Pitfalls to Avoid When Learning How to Write a Cold Email That Works

Cold email is not an easy tool to use correctly. For some – those who get it right – it can be a great way to develop leads that become customers or clients. For those who do not take the time to learn how to write cold email it can be an expensive waste of time and money.

If you are considering trying cold email yourself, it will be up to you to decide how successful it will be as it will be up to you to decide whether you are willing to take the time to learn how to write a cold email, and to execute all the steps involved in doing so. Well, are you? If so, then read on to get some helpful hints to get you started on the right track.

Cold emailing

Research Your Prospect

One current definition loose definition of spam email – but one that is often used by most spam filters – is an email sent to a person you have never contacted before that is not directed specifically to them – ie; personalized – and is in no way relevant to them. If you buy an email list and then proceed to blindly send a message to every name on the list, then you are not cold emailing, you are spamming.

Cold emails have to be sent to a specific person, using their name, and offer something that could be of value to them. This means researching your prospect and their business and being reasonably sure that what you offer is something that they may be interested in.

Failing to do this is one of the biggest reasons a cold email campaign falls flat.
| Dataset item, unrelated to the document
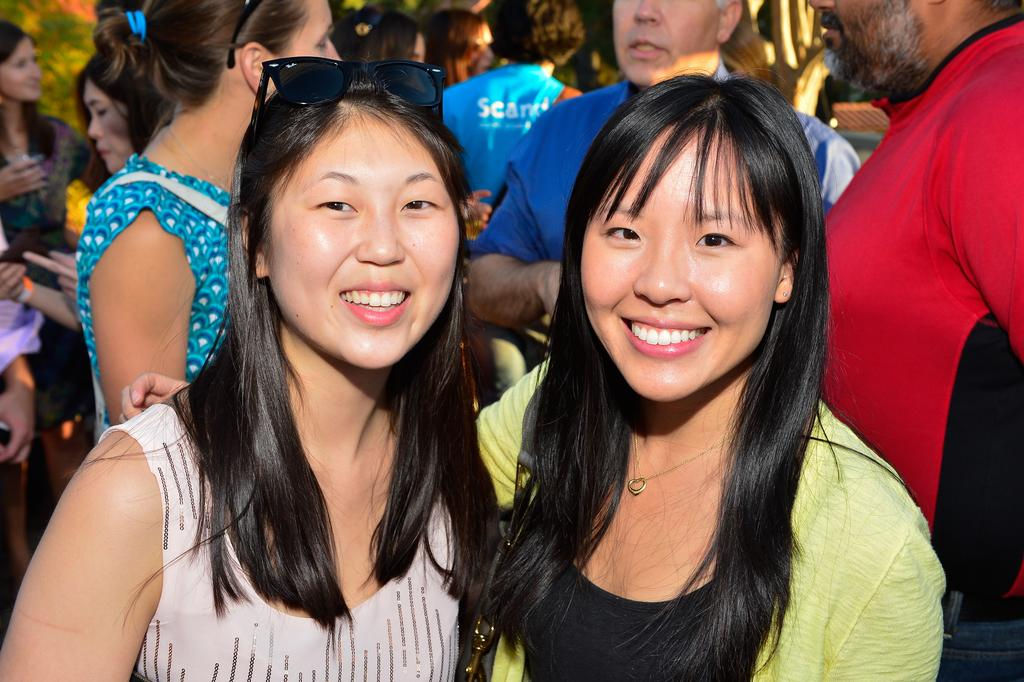How many ladies are present in the image? There are two ladies standing in the image. What is the facial expression of the ladies? The ladies are smiling. Are there any other people visible in the image? Yes, there are other people standing behind the ladies. What type of tax is being discussed by the ladies in the image? There is no indication in the image that the ladies are discussing any type of tax.

If, by some miracle, a blanket cold email makes it passed the intended recipient’s spam filter it will still be dismissed instantly, as who would ever want to consider doing business with someone who couldn’t even be bothered to find out their name and what they do?

To Template or Not to Template?

Because learning how to write cold emails is something many people struggle with it is tempting to make use of one of the many cold email templates you can find almost everywhere you turn. But that’s the problem; too many people end up using them.

Here is a case in point. There is a popular cold email template out there – available in several different wordings but all following the same basic premise. The template is a series of short cold emails asking to be pointed in the right direction, to be given the email address of the ‘appropriate person’.

Perhaps this was not a bad idea once, but these emails are now failing to pass corporate spam filters due to the sheer volume of people now sending almost the exact same template. So making use of it is a futile waste of time (and resources)

As hard as it is, write your own cold emails. Or, if you despair that you will never master how to write cold emails, hire someone who can do it for you.

Cold email for email marketing

Send Your Cold Emails From a Warm Domain

You have written a great cold email, one that will apply to your prospects directly. You’ve done your research and know a little about each recipient. Your copy is original. Everything looks great. But then you make the mistake of sending these emails from a brand new email domain you just obtained for the purpose of this campaign. Sorry to tell you, but as hard as you have worked it’s probable that your cold email campaign will still fail.

That’s because email providers and their spam filters usually take a dim view of email sent from a brand new email domain, and will take an even dimmer view of one that seems in any way promotional. So as hard as you have worked if you do not take the time to warm up your email domain – or if you use one that has been used to send questionable messages in the past – it will be almost certainly doomed to failure from the start.